EGA is a recent method based on graph theory and psychometrics (2,3), which makes it possible to determine the number of factors extracted to examine the structure of an instrument or, according to a previous theoretical framework, composed of indicators whose common underlying feature allows correlation between them. This method can be easily calculated using the EGAnet package (4) in R software.
EGA versus AFE has shown better accuracy when the instruments are multidimensional, especially when interfactor correlations are moderate or high. Likewise, the execution and interpretation of EGA can be simpler, as it does not require rotations and simplifies the result, since, being graphical, it facilitates the understanding of the model (5,6). It is also recommended to include an a priori analysis of the sample size (7).

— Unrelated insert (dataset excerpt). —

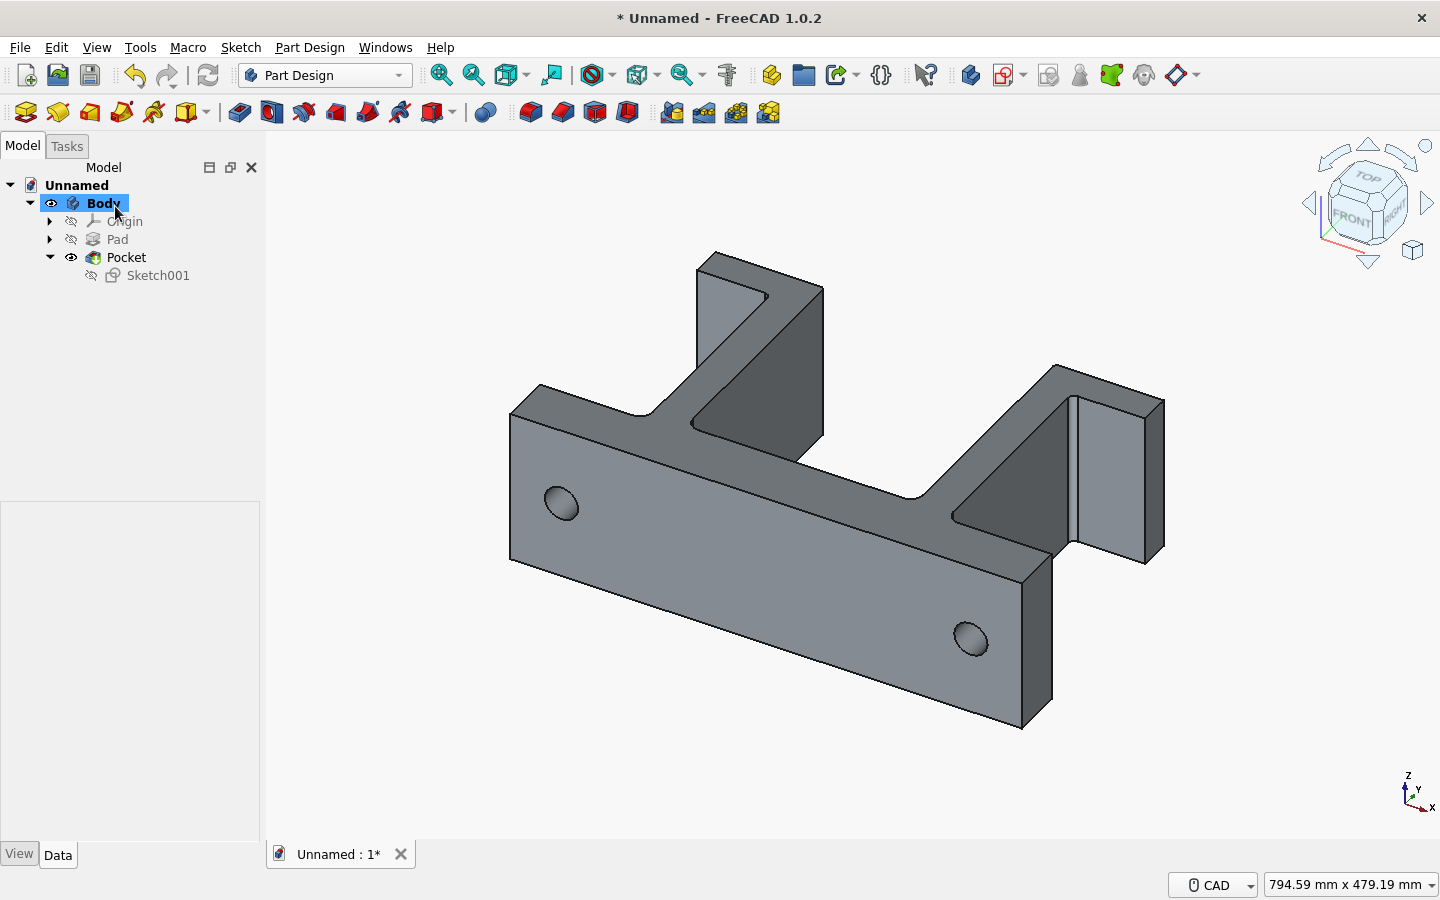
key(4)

To determine the number of dimensions and the items belonging to each of them, the graph will show different colors. Thus, for example, items belonging to dimension 1 will be sky blue, and those belonging to dimension 2 will be red. In addition, to interpret the results and obtain more information, it should be taken into account that the network is composed of nodes (items) linked by edges (statistical relationships), where thicker edges indicate a higher degree of relationship (8). Finally, analogous to factor loadings, the EGA can show network loadings, whose values can be interpreted as small (0.15), moderate (0.25) or large (0.35) (9).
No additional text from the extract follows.